Treasury bills are investments backed by the U.S. Department of the Treasury. Individuals or organizations can purchase Treasury bills directly from the Treasury or a bank, broker or dealer. T-bills are among the safest investments available. However, there are pros and cons to consider before buying Treasury bills.

What is a Treasury bill?

Treasury bills (T-bills) are short-term debt instruments backed by the U.S. Department of the Treasury. The government issues T-bills to finance its operations. They typically have maturities of four, eight, 13, 17, 26 and 52 weeks. T-bills are only issued electronically.

Because the U.S. government backs T-bills, they are virtually risk-free. There is very little risk of default, so investors can feel confident they will recoup their investment. However, most fixed-income securities are subject to inflation and interest rate risk. These have the potential to erode the value of your investment.

How Treasury bills work

T-bills are sold at a discount or face (par) value. Purchasing them at a discount allows investors to earn a return and receive the full value of the investment at maturity. The minimum purchase of T-bills directly from the Treasury is $100. Investors can make additional purchases in increments of $100.

T-bills don’t pay interest directly. Instead, the interest you receive is the difference between what you pay and your investment’s full value. When buying from TreasuryDirect, you must normally wait until the end of the term to receive your interest. However, buying and selling T-bills on the secondary market is also possible. If you don’t want to wait until maturity, you can sell your investment earlier in this way.

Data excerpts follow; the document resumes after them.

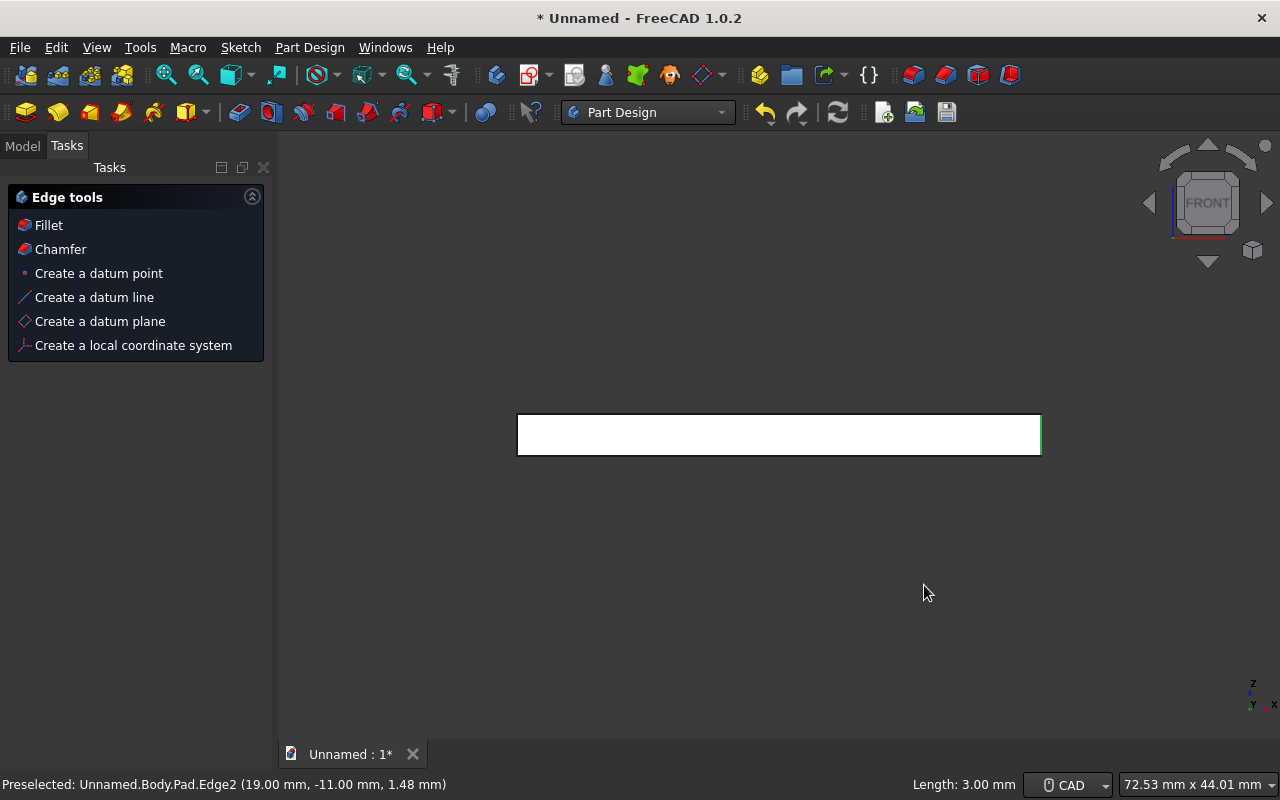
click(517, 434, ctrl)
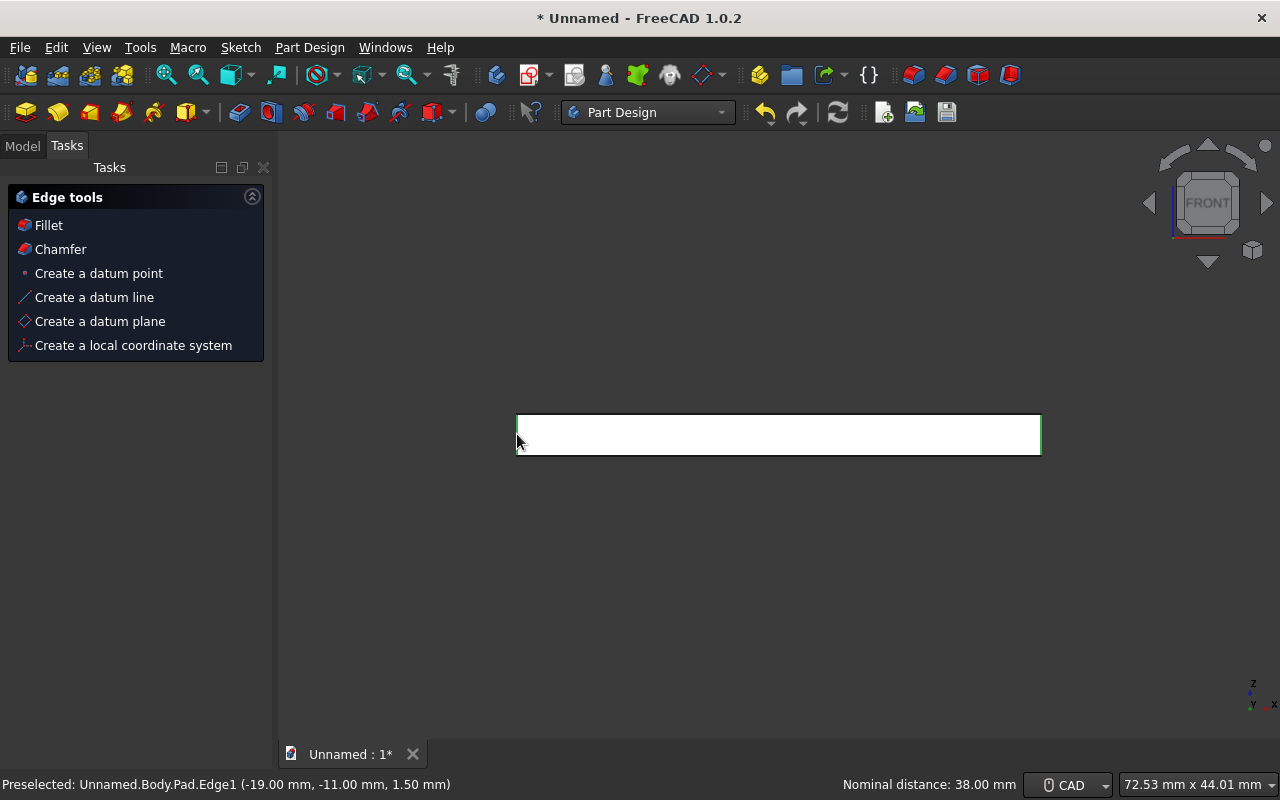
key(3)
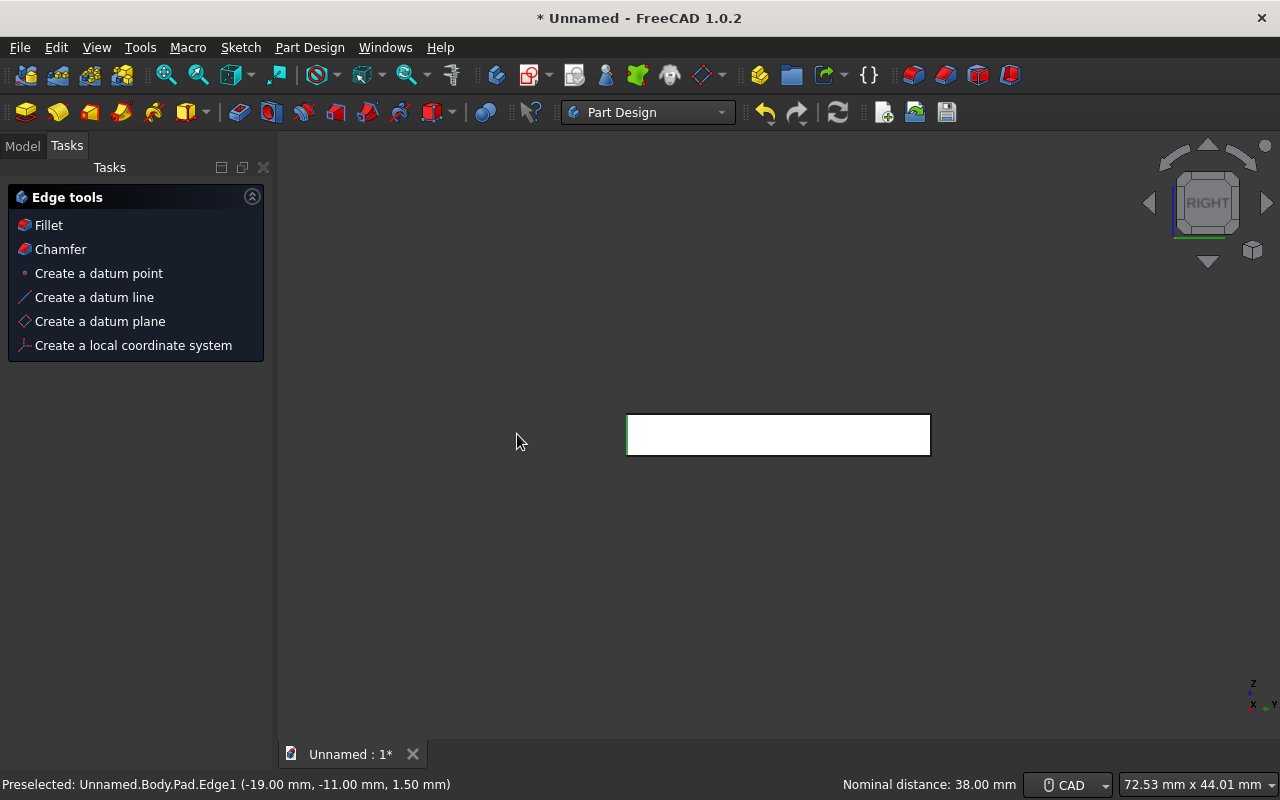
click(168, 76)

The relatively high liquidity, safety and favorable interest rates make T-bills an attractive investment for many investors and organizations. They can be used for many purposes, such as holding cash temporarily or diversifying a portfolio with riskier investments.

How inflation affects T-bills

Inflation affects T-bills because it may reduce the real return they provide. T-bills have a fixed return, meaning their return won’t increase even if inflation increases. For instance, suppose inflation is at 2.5 percent, and an investor purchases T-bills with a yield of 4.5 percent. If inflation rises to 5 percent, it would erode the purchasing power of the returns from the T-bills.

Interest rates can also be a major factor because the central bank often increases rates to combat rising inflation. When interest rates rise, so does the yield on new T-bills. This often leads to lower prices on existing T-bills since newer ones have higher yields.

T-bills and taxes

Investments are often subject to taxation, and T-bills are no exception. Earnings on T-bills are taxable at the federal level. Earnings are calculated as the difference between the purchase price and the face value at maturity. However, earnings on T-bills are exempt from taxes at the state and local levels, making them an attractive investment for individuals in high-tax cities or states.

Investors must report earnings from their T-bills on their federal tax returns the year they mature. If they sell a T-bill before maturity, they must report earned interest the year of the sale.

Pros and cons of Treasury bills

Pros

  • Safe investment due to their U.S. Treasury backing
  • Highly liquid with sales on the secondary market possible
  • Earnings are exempt from state and local taxes
  • Interest rates are competitive with those on high-yield savings

Cons

  • Potentially lower returns than investments like stocks or real estate
  • Subject to inflation and interest rate risks
  • Taxable at the federal level

How to buy Treasury bills

There are several ways to buy Treasury bills, including directly from the Treasury or a bank, broker or other financial institution.

Buying through the Treasury is simple, especially if you already have a TreasuryDirect account. If not, visit the website and create an account. Then, on the TreasuryDirect website, go to BuyDirect, select Bills, and choose the maturity term. This could be four, eight, 13,17, 26 or 52 weeks. Finally, enter the purchase amount. If you haven’t already linked a bank account, you must link one. Once you have completed all these steps, you can submit the order to complete your purchase.

You can also buy T-bills through a bank, online brokerage or other financial institution. With these methods, you can purchase newly issued T-bills or purchase them on the secondary market. Either way, you must create an account or log in to your existing one. Then, search for T-bills, place your order and confirm. Be aware of auction dates, which indicate when you can place non-competitive bids directly with the Treasury or through your broker.

Bottom line

Treasury bills are short-term investments backed by the U.S. Treasury, making them a safe place to hold your cash and earn a modest interest rate. These investments are typically for one year or less, and you purchase them at a discount. At maturity, you receive the face value, letting you earn a return.

While T-bills are a safe investment, they are subject to interest rate and inflation risks. You can sell them on the secondary market, but the price may be lower than expected if inflation or interest rates rise. Still, their high liquidity, interest and safety make T-bills a good choice for many investors and organizations.